Talent gap, Tencent cloud released supernova AI talent training plan, deep cultivation of college education ecology. As the only machine learning platform in the program, Tencent Cloud Intelligent Titanium Ti-One entered the classrooms of colleges and universities, and was favored by teachers and students.

Whether you are an AI beginner or an AI expert, you can find a modeling method suitable for you on the intelligent Titanium machine learning platform.

Yu Zukun, senior product Manager of Tencent Cloud, is invited to share the content of the course “Tencent Cloud machine learning Platform TI-One”. Start a machine learning modeling journey on the cloud and have a romantic encounter with intelligent Titanium Ti-One!

This sharing mainly includes three parts: Ti-One product architecture; Ti-one product features; Ti-one was used to build the model.

1. Ti-one product architecture

1.1 Overview of machine learning

Machine learning builds models by studying incoming data to predict or identify future new inputs.

Machine learning is like cooking rice. You put rice (data) into a rice cooker (machine learning), choose different cooking modes (different algorithms), and get rice or porridge (different models).

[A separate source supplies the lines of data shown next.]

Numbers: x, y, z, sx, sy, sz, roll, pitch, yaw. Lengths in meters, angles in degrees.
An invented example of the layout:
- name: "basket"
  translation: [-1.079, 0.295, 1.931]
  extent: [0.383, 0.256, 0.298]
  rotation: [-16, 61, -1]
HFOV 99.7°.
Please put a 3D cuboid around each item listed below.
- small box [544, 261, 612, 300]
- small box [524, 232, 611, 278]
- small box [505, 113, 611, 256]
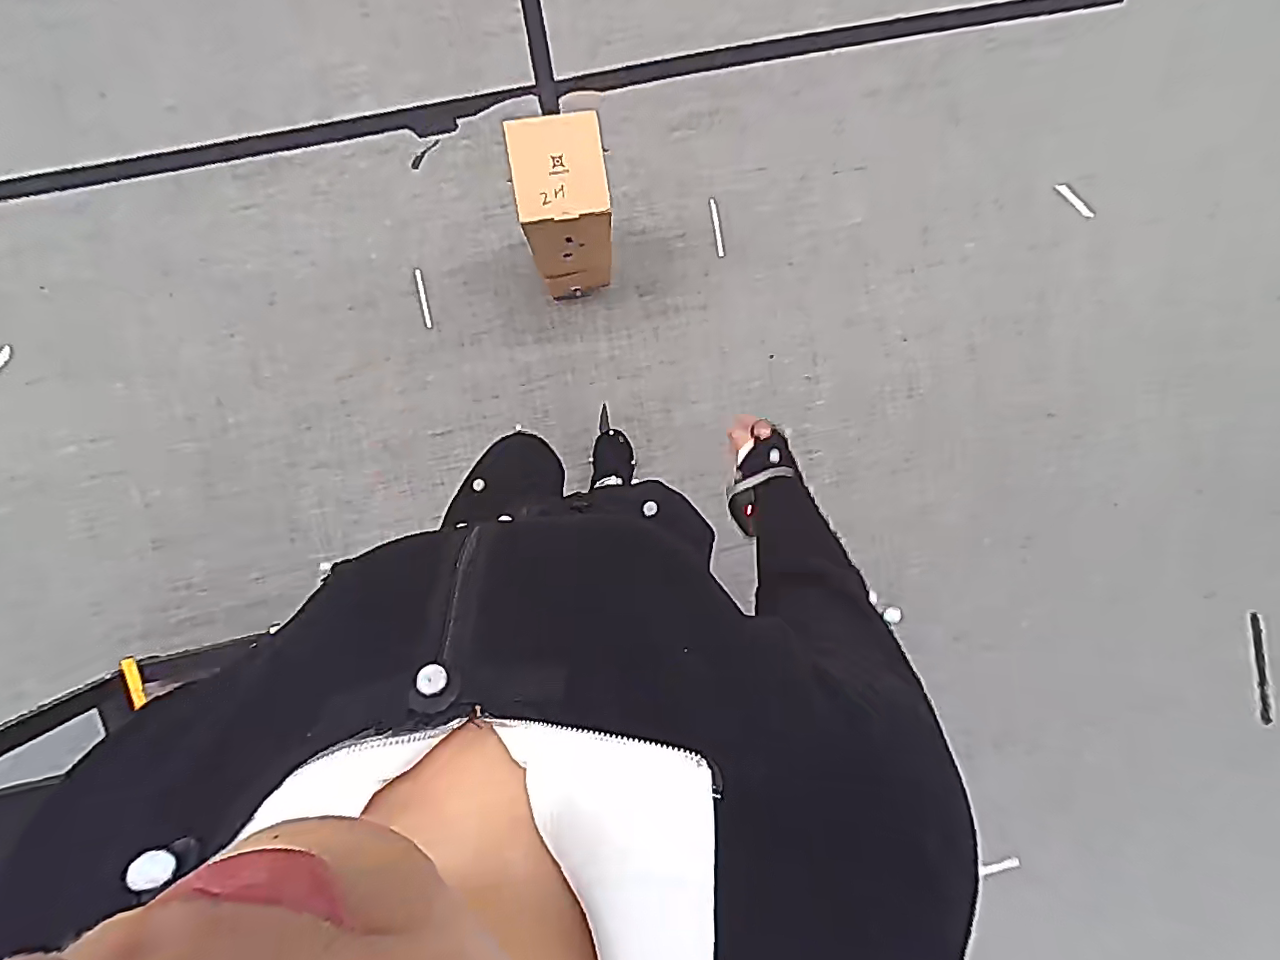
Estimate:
- name: "small box"
  translation: [-0.172, -0.571, 1.350]
  extent: [0.168, 0.176, 0.179]
  rotation: [-16, 97, -2]
- name: "small box"
  translation: [-0.162, -0.559, 1.187]
  extent: [0.179, 0.176, 0.168]
  rotation: [-12, 96, -3]
- name: "small box"
  translation: [-0.148, -0.548, 1.023]
  extent: [0.168, 0.176, 0.179]
  rotation: [-9, 96, -2]

At present, machine learning has a wide range of application scenarios, such as image recognition, financial risk control, intelligent investment research, accurate recommendation, disease diagnosis, engineering detection and so on.

1.2 Traditional machine learning and deep learning

Traditional machine learning is shown as a complete assembly line, including the following steps:

**1. Data acquisition: ** access data from the data source for subsequent algorithm training.

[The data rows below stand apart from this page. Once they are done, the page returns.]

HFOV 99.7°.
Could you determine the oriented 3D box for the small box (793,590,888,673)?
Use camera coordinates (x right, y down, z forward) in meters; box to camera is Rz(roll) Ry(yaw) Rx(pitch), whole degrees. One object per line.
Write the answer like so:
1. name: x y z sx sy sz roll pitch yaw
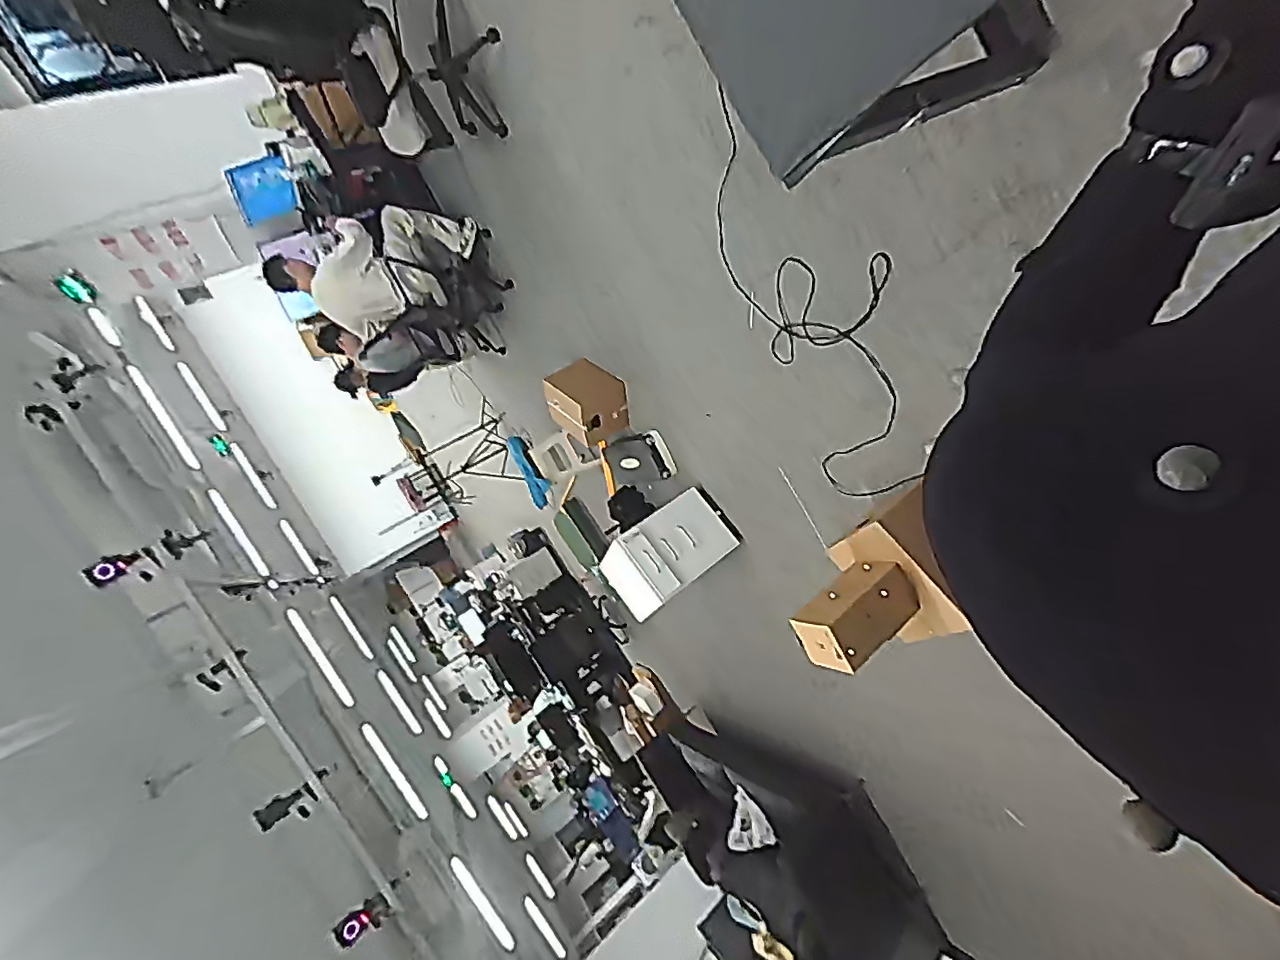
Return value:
1. small box: 0.611 0.453 1.646 0.168 0.176 0.179 60 157 -6

2. Data preprocessing: missing value processing, data format processing.

3. Feature extraction: The process of extracting values helpful to the training results based on the original data, which largely depends on the experience of the modeler, especially the understanding of the business.

4. Feature selection: Select good features and add them to the model training process.

5. Selection algorithm: Different methods can be selected for model building, such as random forest algorithm, decision tree algorithm, support vector machine algorithm, etc.

The characteristic of traditional machine learning is that feature selection requires human participation. After the derivation of deep learning, the feature selection process can be completed by neural network.

When we talk about machine learning in today’s class, we mean machine learning in a broad sense, including both traditional machine learning and deep learning.

1.3 Machine learning modeling process

Process: User data – data preprocessing – feature engineering – machine learning algorithms – model evaluation – Generating offline or online services.

A method is needed to evaluate whether the generated model is good or not. A good model needs to generate offline or online services into the actual application, and the whole process needs a lot of computing resources to support.

Intelligent Titanium TI-One provides the whole process algorithm development and deployment support for the above links.

1.4 Value proposition of machine learning platform

We have already seen the concept of machine learning and the whole process of building models by machine learning. Now when it comes to machine learning modeling algorithm engineers have two options:

One is to build your own, using frameworks such as Caffee, PyTorch, TensorFlow, etc.

The other is to use machine learning platforms directly, like the Smart Titanium Ti-One.

We can look at the difference between the two:

Frame Angle

For self-build, each framework needs to be installed, deployed on a machine, and maintained accordingly. At the same time, there are different versions of each framework, and maintaining the dependent environment of each framework version is a time overhead.

For the Smart Titanium Ti-One, we’ve integrated the framework into the platform, debugged it, and provided platform-level algorithm modeling services “right out of the box.”

Algorithm of Angle

For self-built framework users, it is necessary to constantly find algorithms from the open source community to use, which also involves some modification of algorithm bugs.

For the Smart Titanium Ti-One, we have tuned the algorithms we use a lot and deployed them on the platform. Users can use them directly by drag, notebook, or through the SDK. There are some engineering modeling support services, and the platform is ready for algorithmic engineers to focus entirely on model building.

Model Angle

For self-construction, different frameworks have different characteristics, including model construction and deployment. After engineers are familiar with one framework, there will be another framework, and there is a threshold to get started.

For the intelligent Titanium Ti-One, the platform has been packaged into a page visualization operation, which can simplify the use process of the whole life cycle of the model.

Evaluation of Angle

For a self-built framework, you have to code it yourself and print it out so you can see what the model looks like.

For machine learning platforms, model effects can be evaluated dynamically in real time.

Collaboration Angle

For self-built tasks, you can use monitoring scripts to add monitoring for tasks that run independently to discover and handle exceptions by yourself. Share algorithms by copying code or git.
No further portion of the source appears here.